Monday, Jun. 21, 1976
On the Road from Damascus
Both TIME'S Middle East Correspondent Wilton Wynn and Athens Reporter Dean Brelis were with the Syrian forces as they drove toward Beirut last week. Excerpts from their eyewitness accounts:
The town of Sofar, 45 minutes' driving time from Beirut in the cool Lebanon mountains, has long been a favorite summer resort, both for wealthy Lebanese and Arabs from neighboring lands. It was there last week that the advancing Syrians met their first real resistance. On Tuesday, reports Wynn, the town was battle-scarred. Along the Beirut-Damascus highway, corrugated shutters of shop after shop were curled up from the shelling. Many of the cypress trees that once sheltered vacationing strollers had been smashed to splinters. Testimony to the Palestinian resistance was provided by three burned-out tanks that lay beside the road.
On the highway and on the hills flanking it was a massive concentration of tanks, transport, bulldozers, communications vehicles and Jeeps. Along the route I saw at least 200 tanks, and no doubt many more were parked beyond my vision. About a dozen miles from Beirut, I walked to a point where a phalanx of tanks lined the rim of a hill, their guns pointing down to another resort town, Bhamdoun. A Syrian officer stood atop one of the tanks, and, as we talked, machine guns mounted on the next tank began blazing away. Leftist forces still held Bhamdoun, and the Syrians were shooting at any suspicious movements to keep them off balance.
The Syrians were digging in just short of Bhamdoun, waiting for reinforcements and fresh supplies. I asked a major about their next move. "In three days," he boasted, "I will be able to drive you to Beirut."
The drive to Beirut is normally a pleasant three-hour trip, but there was a lonely feeling the morning I left Damascus, cabled Brelis. Once beyond the city limits, I began running into military convoys, also headed for Beirut. First glance suggested rear-echelon troops; then several big trucks appeared hauling empty trailers--the type that haul out crippled tanks. I began studying the faces of the mechanics in the back of the trucks. There was no singing, but some of the solemn young draftees looked as if they were enjoying their work; others seemed locked in thoughts about other places they would rather be.

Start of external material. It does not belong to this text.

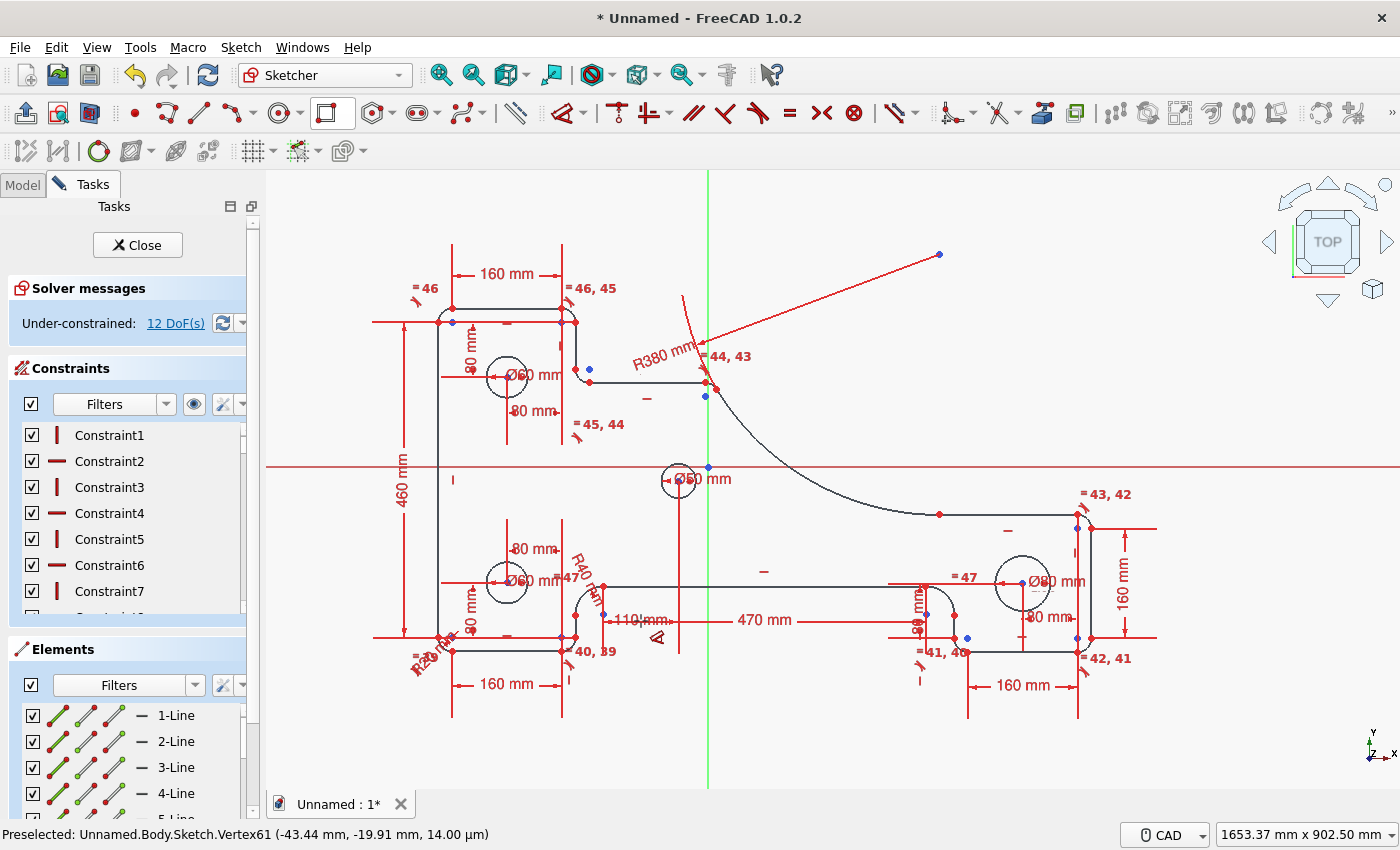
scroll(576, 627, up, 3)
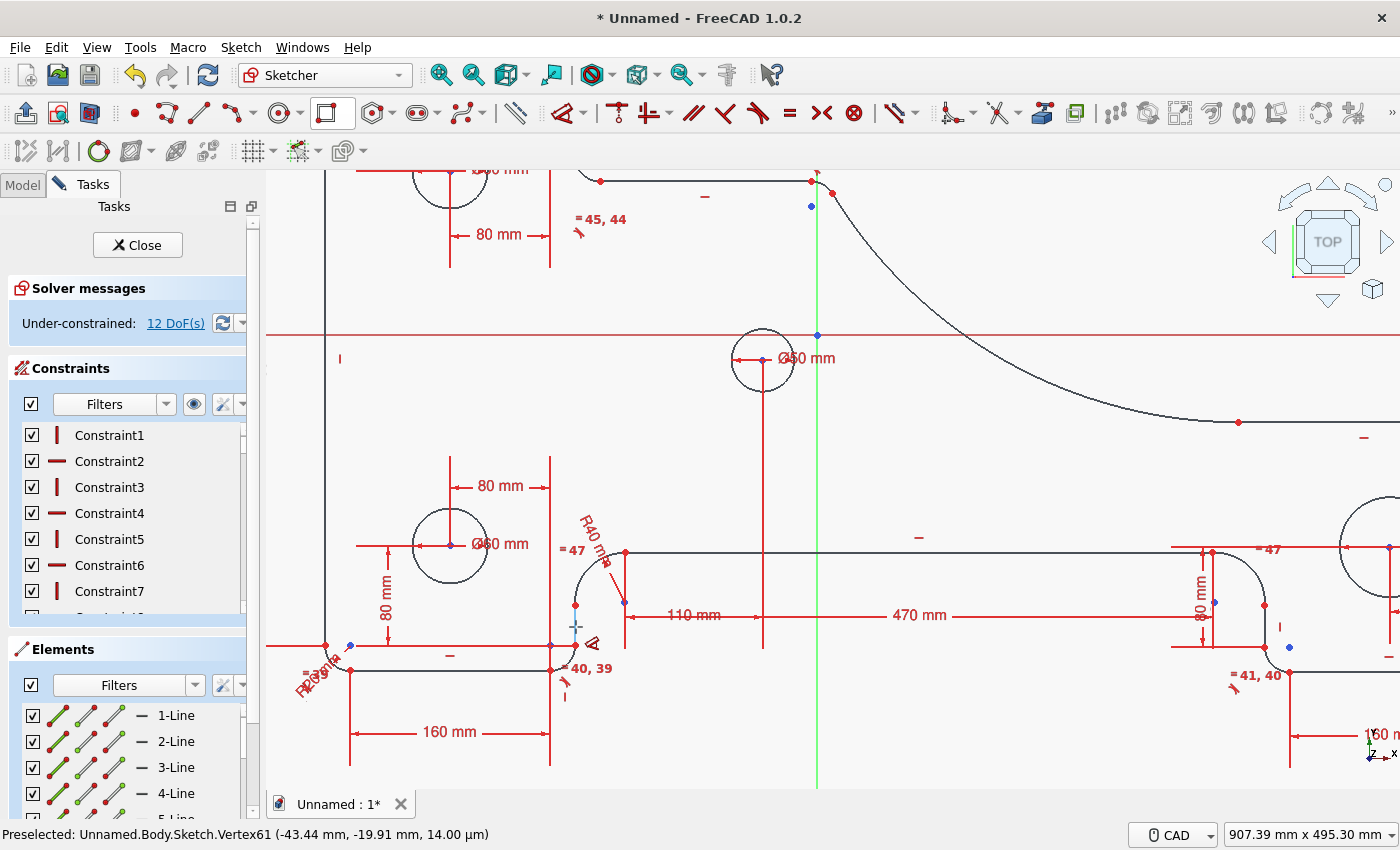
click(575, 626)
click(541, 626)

In the cold mountain passes across the border, Syrian infantrymen were bundled up in winter-issue overcoats. As I drove nearer to Beirut, the army seemed to be everywhere. Several damaged tanks--three bearing scars of rocket hits--were on flat-bed trailer trucks heading back toward the border; Red Crescent ambulances raced by with wounded in the back. Scores of Russian T-62 tanks and artillery were dug in on ridges. Every so often the troops would turn up their transistor radios, and the sounds of popular Arabic songs brought smiles to tough expressions. The litter of empty shell casings stacked neatly by buildings showed that, when there had been fighting, it had been fierce, quick, terrible.
At the Syrian front line--roughly twelve miles from Beirut's sea front when I visited it--there were no preparations for an assault. The Syrian area commander said that the operation had gone ahead precisely on schedule.
Moving eastward through an area of rough cliffs and canyons known as The Barouk, I gradually encountered Lebanese elements. One stretch of the road and surrounding tactical points were in control of Leftist Leader Kamal Jumblatt's supporters; the next few miles were in the hands of the Popular Front for the Liberation of Palestine, then Fatah, then Jumblatt's men and so on. The areas seemed like ministates. Every mile or so, I encountered surprisingly young men cradling polished AK-47s, rocket launchers and sundry other weapons; shoulder patches identified the units to which they belonged. There is no point in this land that is not under someone's gun. There is no exact way of knowing into whose area you are heading and where it changes--but they know.